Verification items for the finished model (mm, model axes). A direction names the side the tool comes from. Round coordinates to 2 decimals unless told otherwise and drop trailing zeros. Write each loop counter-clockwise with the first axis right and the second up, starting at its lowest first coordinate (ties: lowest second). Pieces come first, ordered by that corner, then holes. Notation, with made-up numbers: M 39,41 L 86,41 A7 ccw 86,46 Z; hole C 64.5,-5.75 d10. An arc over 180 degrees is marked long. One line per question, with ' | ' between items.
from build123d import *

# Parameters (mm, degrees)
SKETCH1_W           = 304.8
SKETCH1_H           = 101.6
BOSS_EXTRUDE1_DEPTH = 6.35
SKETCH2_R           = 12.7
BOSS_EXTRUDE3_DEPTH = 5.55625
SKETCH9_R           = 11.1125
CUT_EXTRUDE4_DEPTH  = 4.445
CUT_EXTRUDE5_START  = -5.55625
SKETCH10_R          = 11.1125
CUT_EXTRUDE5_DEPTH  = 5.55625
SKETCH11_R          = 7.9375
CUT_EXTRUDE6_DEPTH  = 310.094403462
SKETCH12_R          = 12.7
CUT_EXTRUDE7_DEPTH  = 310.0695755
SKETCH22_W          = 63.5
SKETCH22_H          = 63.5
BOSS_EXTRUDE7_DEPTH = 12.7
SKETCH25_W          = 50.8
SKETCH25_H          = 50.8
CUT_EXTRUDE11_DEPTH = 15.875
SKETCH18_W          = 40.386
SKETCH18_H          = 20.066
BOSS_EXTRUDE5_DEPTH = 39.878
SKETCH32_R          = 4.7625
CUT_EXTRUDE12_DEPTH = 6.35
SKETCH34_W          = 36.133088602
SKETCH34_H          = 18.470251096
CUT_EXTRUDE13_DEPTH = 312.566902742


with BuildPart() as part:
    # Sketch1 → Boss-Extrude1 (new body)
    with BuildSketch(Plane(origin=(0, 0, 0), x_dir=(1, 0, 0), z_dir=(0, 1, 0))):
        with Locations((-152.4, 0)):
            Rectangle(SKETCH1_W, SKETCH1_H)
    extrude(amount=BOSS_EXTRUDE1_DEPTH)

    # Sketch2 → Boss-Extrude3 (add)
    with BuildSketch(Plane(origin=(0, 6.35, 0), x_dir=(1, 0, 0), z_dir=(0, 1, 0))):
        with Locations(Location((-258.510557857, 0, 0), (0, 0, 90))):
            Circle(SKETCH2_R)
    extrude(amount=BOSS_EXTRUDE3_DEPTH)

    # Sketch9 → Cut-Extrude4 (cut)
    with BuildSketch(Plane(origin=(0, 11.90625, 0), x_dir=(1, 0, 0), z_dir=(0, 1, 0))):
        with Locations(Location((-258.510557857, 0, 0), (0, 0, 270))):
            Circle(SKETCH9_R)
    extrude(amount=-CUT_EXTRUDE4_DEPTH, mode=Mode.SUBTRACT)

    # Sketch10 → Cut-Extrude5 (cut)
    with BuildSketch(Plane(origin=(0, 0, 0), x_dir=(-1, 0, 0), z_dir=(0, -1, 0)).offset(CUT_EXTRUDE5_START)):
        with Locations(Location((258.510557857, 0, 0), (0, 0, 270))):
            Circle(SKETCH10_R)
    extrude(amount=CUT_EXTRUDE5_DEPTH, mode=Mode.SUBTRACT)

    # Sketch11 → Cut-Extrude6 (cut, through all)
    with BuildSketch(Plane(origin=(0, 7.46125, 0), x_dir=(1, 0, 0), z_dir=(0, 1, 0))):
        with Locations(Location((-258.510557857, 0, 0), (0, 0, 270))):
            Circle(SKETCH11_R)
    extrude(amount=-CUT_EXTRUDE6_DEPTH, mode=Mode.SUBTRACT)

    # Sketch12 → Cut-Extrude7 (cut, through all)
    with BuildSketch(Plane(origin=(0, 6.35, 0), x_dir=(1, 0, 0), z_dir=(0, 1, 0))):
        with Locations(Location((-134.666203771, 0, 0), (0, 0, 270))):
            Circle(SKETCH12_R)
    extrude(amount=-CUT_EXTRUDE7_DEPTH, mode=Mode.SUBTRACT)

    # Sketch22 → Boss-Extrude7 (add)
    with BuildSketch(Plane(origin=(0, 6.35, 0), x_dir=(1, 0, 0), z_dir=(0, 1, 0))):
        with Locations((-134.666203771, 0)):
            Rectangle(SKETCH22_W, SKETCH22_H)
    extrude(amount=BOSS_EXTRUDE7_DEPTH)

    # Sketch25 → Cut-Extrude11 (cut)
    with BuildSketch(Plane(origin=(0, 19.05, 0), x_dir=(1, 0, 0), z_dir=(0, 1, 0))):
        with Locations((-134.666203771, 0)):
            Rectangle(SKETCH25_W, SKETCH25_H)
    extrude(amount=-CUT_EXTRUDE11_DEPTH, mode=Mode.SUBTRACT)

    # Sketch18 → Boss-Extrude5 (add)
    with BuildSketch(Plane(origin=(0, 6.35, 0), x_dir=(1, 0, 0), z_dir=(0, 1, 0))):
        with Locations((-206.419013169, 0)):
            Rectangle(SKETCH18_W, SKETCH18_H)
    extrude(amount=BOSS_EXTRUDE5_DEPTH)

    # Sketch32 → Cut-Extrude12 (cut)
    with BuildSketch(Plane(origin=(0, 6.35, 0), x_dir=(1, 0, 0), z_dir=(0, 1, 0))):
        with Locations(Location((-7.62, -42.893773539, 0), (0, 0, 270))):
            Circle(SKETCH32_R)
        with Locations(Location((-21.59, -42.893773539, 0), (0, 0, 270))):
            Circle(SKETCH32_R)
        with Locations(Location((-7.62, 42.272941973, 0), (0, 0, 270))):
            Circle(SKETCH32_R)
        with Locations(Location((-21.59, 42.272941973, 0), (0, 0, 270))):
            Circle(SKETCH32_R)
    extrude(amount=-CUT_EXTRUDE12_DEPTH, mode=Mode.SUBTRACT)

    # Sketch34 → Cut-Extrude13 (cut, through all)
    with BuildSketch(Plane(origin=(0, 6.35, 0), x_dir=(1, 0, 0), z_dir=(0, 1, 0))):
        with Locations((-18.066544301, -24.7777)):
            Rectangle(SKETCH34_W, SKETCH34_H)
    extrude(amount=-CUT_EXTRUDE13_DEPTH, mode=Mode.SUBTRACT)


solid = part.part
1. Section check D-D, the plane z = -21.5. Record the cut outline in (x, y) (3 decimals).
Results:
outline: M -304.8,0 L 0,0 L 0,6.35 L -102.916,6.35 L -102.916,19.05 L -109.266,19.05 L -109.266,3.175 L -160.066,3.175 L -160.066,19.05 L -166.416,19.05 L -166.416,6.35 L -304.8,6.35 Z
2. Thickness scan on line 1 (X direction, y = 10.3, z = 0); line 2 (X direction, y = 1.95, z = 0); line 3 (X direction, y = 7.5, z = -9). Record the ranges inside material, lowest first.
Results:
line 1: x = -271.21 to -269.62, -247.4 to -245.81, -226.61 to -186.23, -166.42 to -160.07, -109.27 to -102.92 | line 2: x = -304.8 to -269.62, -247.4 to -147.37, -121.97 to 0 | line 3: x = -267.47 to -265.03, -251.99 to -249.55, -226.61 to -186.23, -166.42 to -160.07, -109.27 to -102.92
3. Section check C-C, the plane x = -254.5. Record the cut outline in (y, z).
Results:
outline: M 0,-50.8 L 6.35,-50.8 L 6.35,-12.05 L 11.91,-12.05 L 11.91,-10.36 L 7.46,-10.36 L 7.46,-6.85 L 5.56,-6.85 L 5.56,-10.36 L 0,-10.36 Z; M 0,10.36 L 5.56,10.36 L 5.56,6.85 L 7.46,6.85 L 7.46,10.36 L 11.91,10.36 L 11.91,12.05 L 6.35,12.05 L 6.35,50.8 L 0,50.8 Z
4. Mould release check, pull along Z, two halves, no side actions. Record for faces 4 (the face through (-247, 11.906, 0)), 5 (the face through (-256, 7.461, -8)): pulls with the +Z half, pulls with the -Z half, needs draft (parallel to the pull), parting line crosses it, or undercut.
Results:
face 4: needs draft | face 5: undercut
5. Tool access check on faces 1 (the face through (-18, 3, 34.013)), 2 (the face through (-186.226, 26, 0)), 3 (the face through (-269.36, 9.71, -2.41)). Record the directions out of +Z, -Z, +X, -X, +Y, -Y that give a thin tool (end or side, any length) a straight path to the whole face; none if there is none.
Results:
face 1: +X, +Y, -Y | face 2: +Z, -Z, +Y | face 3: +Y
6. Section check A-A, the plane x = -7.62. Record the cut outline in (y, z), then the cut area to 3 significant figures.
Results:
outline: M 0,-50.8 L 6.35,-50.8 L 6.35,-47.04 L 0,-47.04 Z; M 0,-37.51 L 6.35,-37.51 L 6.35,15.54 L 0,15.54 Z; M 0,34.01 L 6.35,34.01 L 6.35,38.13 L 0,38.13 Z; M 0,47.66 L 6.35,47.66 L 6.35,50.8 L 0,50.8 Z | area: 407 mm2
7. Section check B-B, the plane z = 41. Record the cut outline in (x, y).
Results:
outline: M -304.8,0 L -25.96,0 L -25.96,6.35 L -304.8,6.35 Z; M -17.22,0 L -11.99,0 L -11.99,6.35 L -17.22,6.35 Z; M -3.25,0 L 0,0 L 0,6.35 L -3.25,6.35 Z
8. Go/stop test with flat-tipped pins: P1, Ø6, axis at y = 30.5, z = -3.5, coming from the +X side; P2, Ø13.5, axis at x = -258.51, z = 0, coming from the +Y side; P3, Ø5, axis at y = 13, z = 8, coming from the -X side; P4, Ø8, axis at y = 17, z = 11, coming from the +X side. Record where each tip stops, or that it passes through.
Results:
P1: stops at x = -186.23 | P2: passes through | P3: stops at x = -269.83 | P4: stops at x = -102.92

•••

Return from the data every line that holds "undercut".

__Response area__
4. Mould release check, pull along Z, two halves, no side actions. Record for faces 4 (the face through (-247, 11.906, 0)), 5 (the face through (-256, 7.461, -8)): pulls with the +Z half, pulls with the -Z half, needs draft (parallel to the pull), parting line crosses it, or undercut.
face 4: needs draft | face 5: undercut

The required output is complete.